CPU wait time with large data batches

timbo72 · November 20, 2018, 9:16pm

@shub.chat Am i running into the same problems that you were talking about?

shub.chat · November 20, 2018, 10:33pm

Yeah looks exactly like mine.Cant get my head around why this may be happening .I am wondering can this be a Bottleneck in the dataloaders for higher batch size ?

timbo72 · November 20, 2018, 10:37pm

I’m about to test my theory (waiting for GCP to create a snapshot) but it may be as simple as disk IO like we discussed last night. I’m going to rebuild my VM with an SSD and see if that makes a difference.

I’m a bit peeved after I was so excited to move to the 16gb P100 but now i’m worse off.

maral · November 20, 2018, 10:52pm

If you have many steps in your image transformations it won’t help with keeping the GPU busy.
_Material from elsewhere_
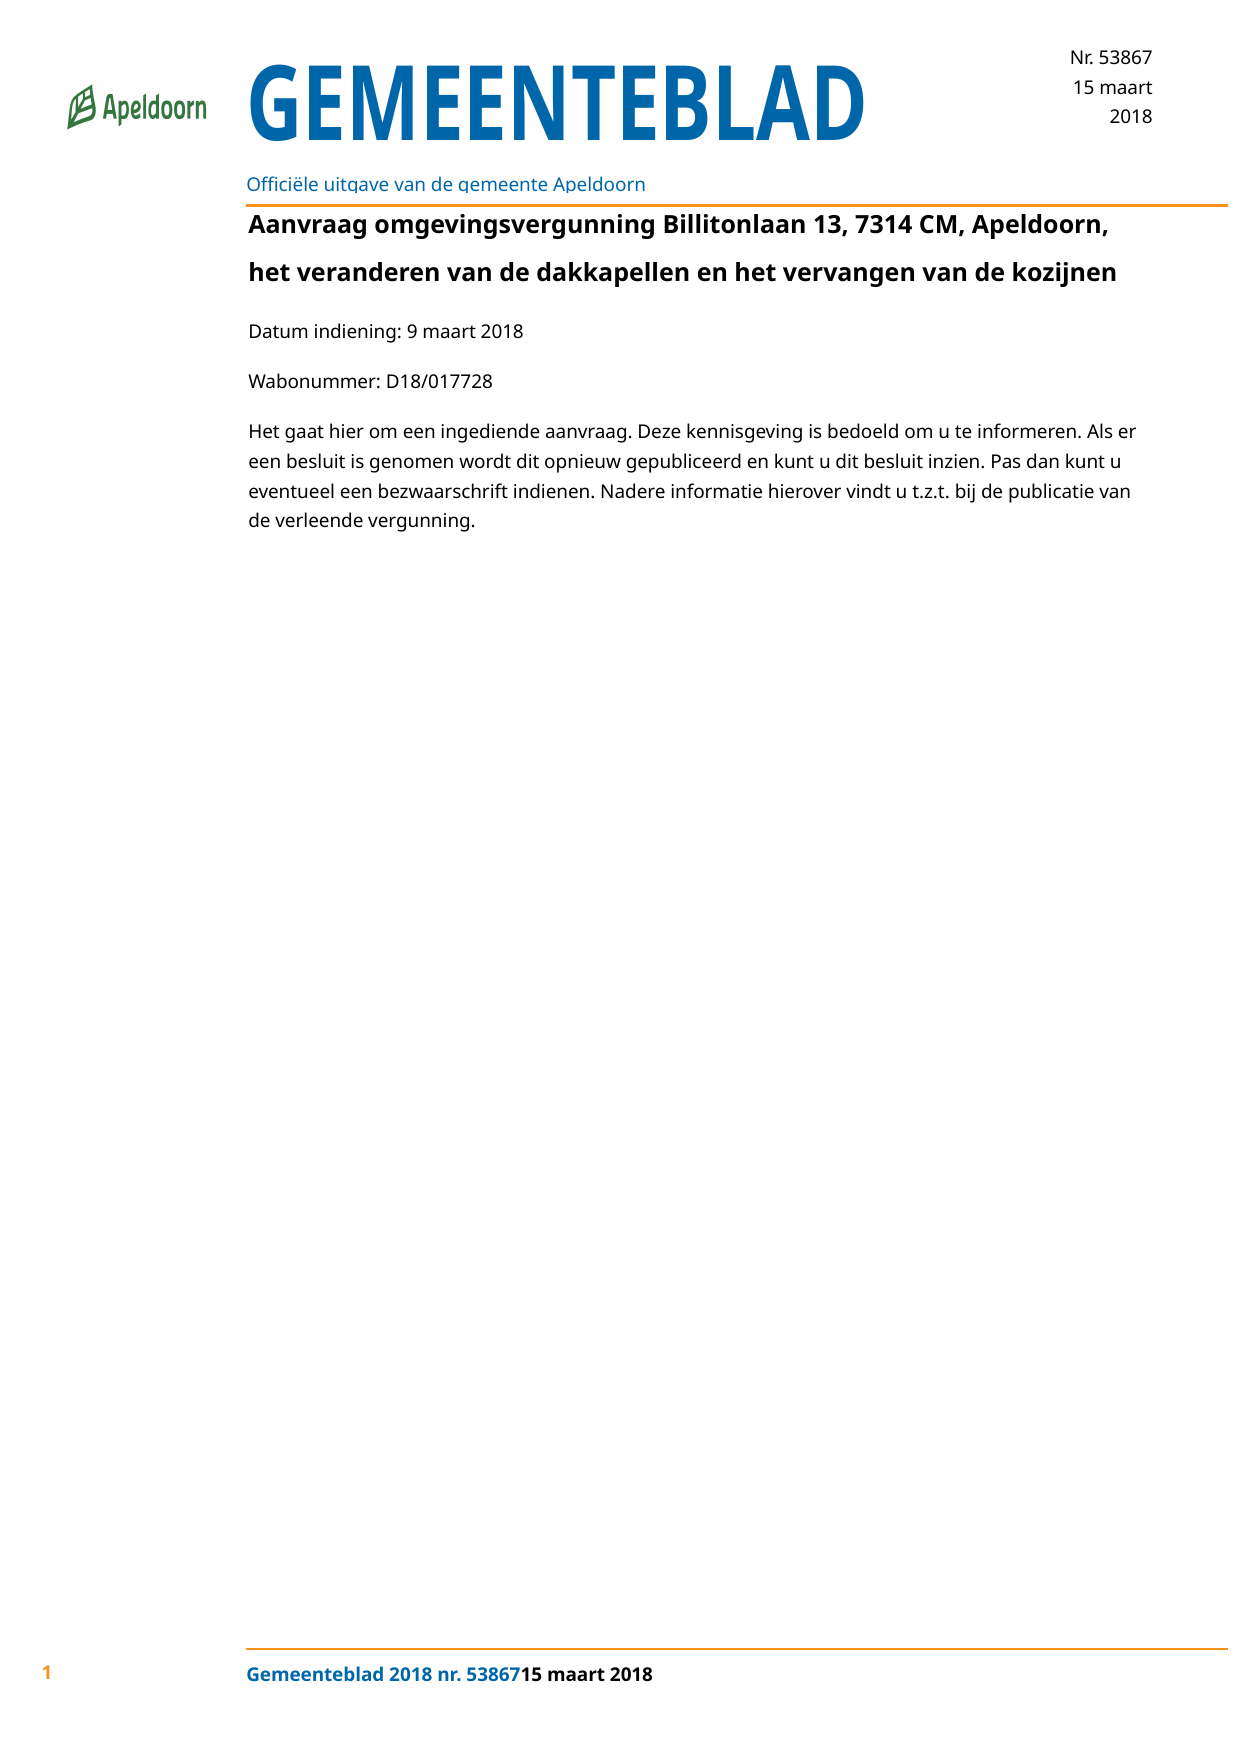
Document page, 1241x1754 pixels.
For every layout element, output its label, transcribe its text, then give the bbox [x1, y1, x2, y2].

You might want to pre-create all the transformations as a new set of images on disk and then avoid on-the-fly transformations altogether. You can prove the theory by removing transformations and seeing what different it makes.

timbo72 · November 20, 2018, 11:23pm

Ok, TLDR SSD makes a real difference.

Firstly the HDD performance (taken from the GCP disk editing page)
HDD

And now the SSD…yep, seems quicker
SSD

from %98 to %10-13, I’ll take it.
Top

and the all important learning time.

If any nasty surprises crop up i’ll let you know but it seems that for the extra 10c per hour this is the way to go if you are using big datasets.

shub.chat · November 21, 2018, 12:09am

Looks really promising Tim.If this works as we are expecting it will be worth writing a short blog about it .I am sure there are many others who might benefit with this little experiment and work around .